Мужички не двигались.

– Нельзя бить, – строго сказал Фома Хромой. – Обождать нужно. Обождем до завтра, братишки. Убить человека завсегда не поздно. Только про град-то он врет, собачий хвост. Ничего схимонашенка про такое не говорила.

– Безусловно, врет, – сказал староста, – ей-богу, врет. И про железо врет.

– Так завтра, что ли, Гришка, обещаешь ты? – спросил Фома Хромой.

– Завтра. Пожелтеет в полдень небо, настанет вихорь, и град падет на землю, и град сей…

– Ладно, – сказали мужички, – обождем до завтра.

Развязали Гришке руки и повели в село. А в селе заперли Гришку на старостином дворе в амбаре и караульщика приставили.

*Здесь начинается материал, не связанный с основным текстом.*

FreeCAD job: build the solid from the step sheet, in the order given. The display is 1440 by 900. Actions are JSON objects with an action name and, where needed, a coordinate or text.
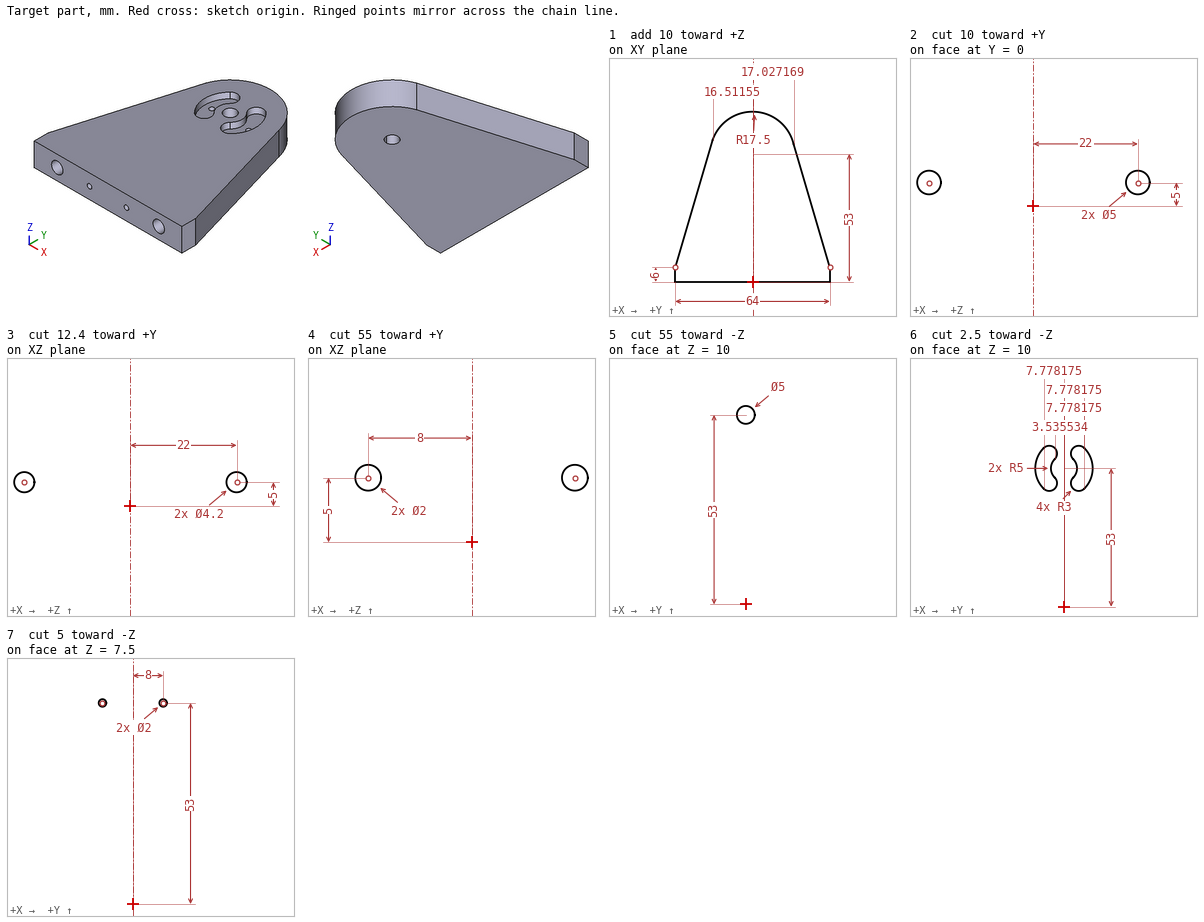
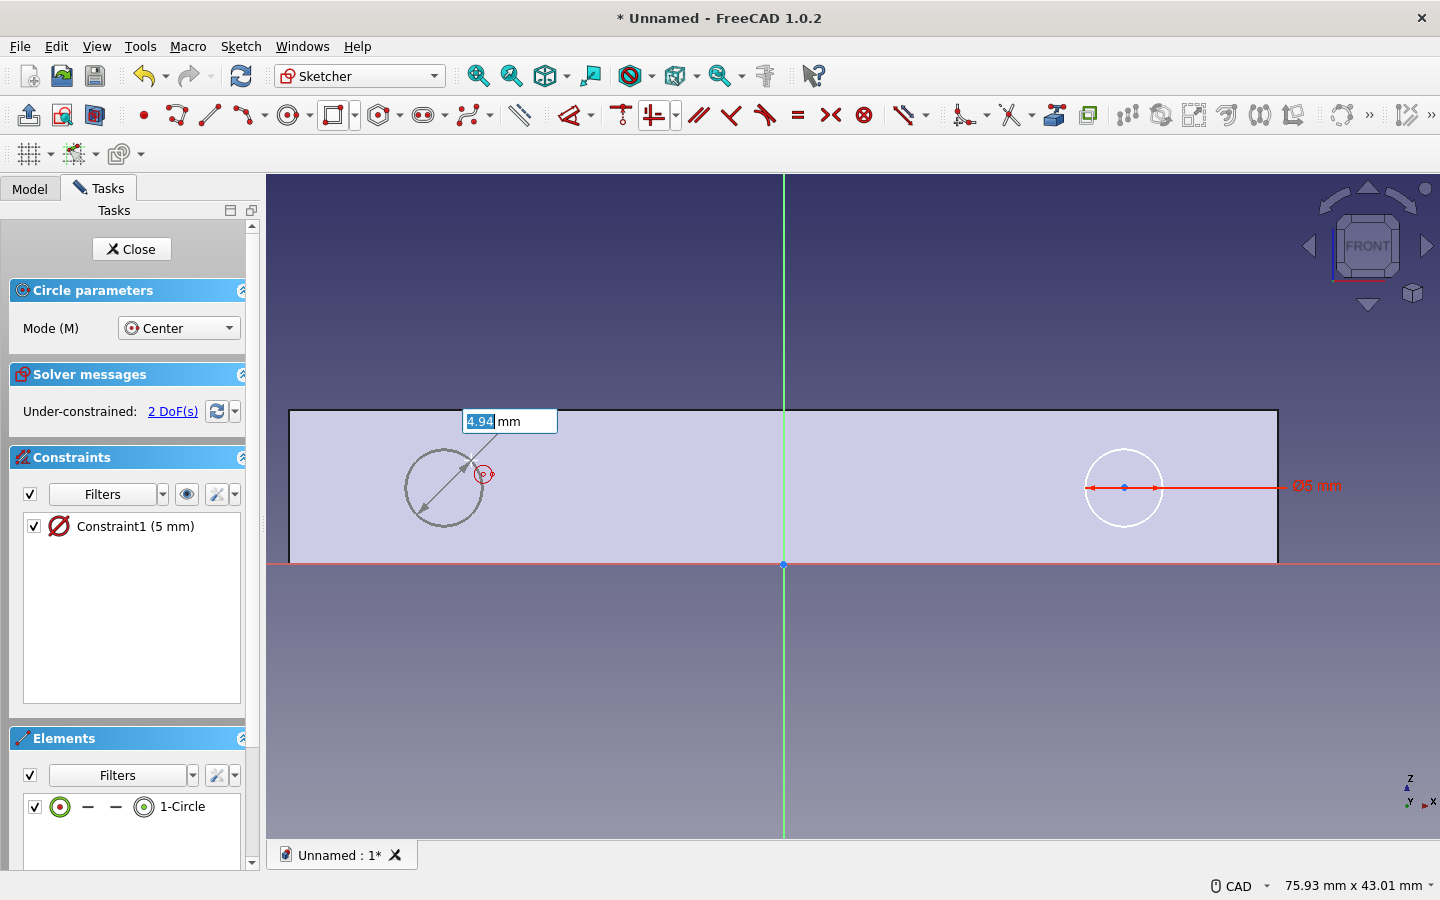
{"action": "type", "text": "5"}
{"action": "key", "text": "Return"}
{"action": "key", "text": "Escape"}

К вечеру все село знало о страшном пророчестве. Приходили бабы на старостин двор с хлебом и с яйцами, кланялись Гришке и плакали.

А у Фомы Хромого народу собралось множество. Сидел Фома Хромой на лавке и говорил такое:

– Если б не эта схимонашенка, да я бы первый сказал – врет он, собачий хвост. Ну а тут схимонашенка… У кого еще была схимонашенка?

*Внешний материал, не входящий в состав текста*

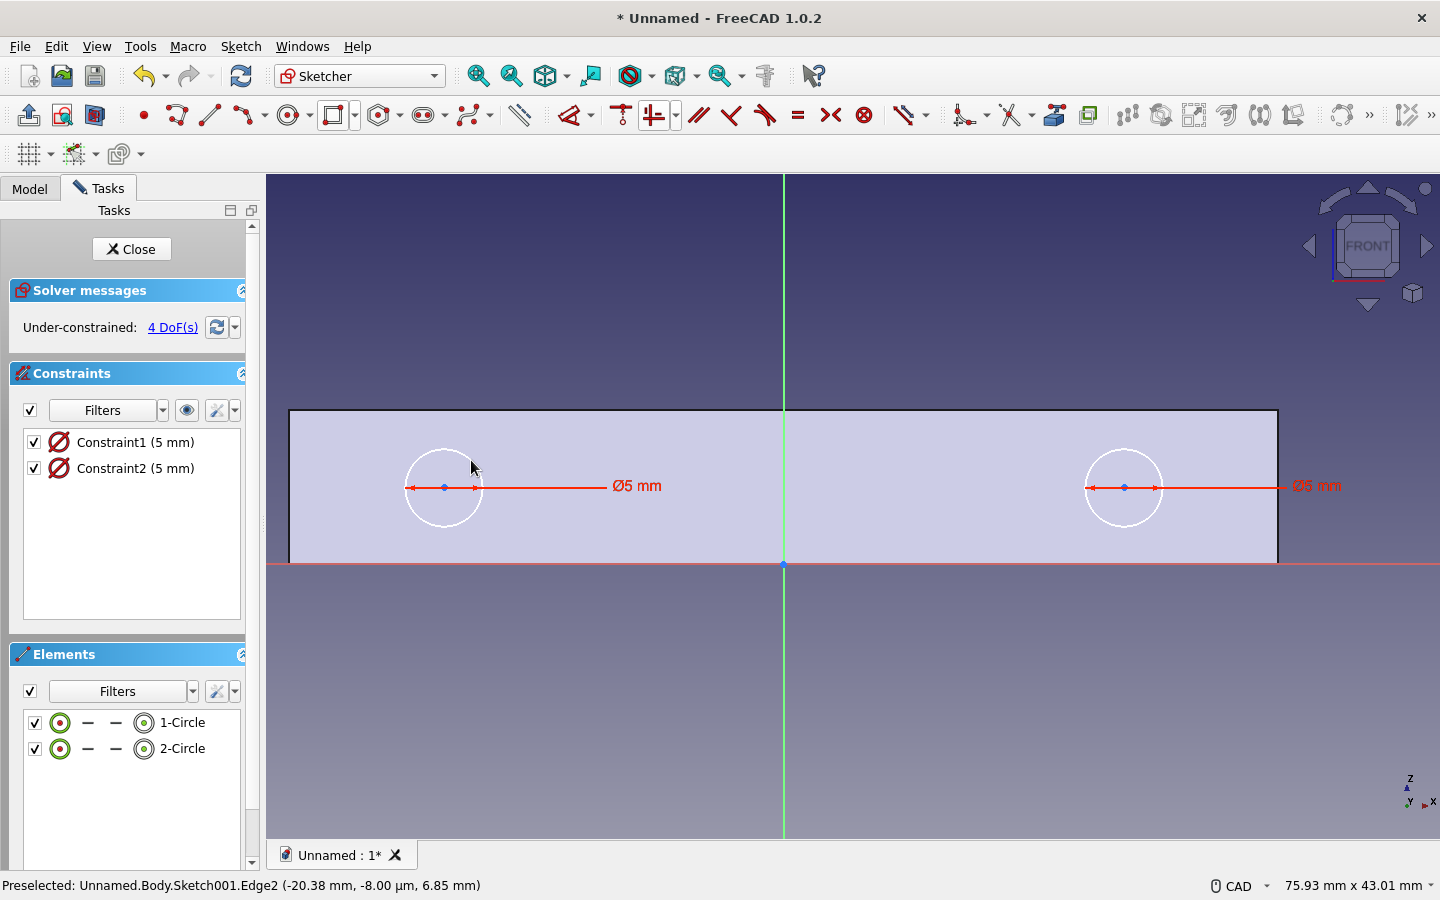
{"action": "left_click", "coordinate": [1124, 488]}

– У меня, Фома Васильевич, была. У меня и есть, – сказала баба простоволосая. – К вечеру сижу я преспокойно… Стучит ктой-то…

– Да, – перебил Фома Хромой, – небо пожелтеет, настанет вихорь…

Назавтра мужички в поле не вышли. А день был ясный.

Ходили мужички по селу, на старостин двор заходили и пересмеивались.

– Сидит еще пророк-то?

– Сидит.

– Соврал, собачий хвост. Как пить дать, соврал. А ведь каково складно вышло! Ах ты, дуй его горой! Такого и бить-то жалко.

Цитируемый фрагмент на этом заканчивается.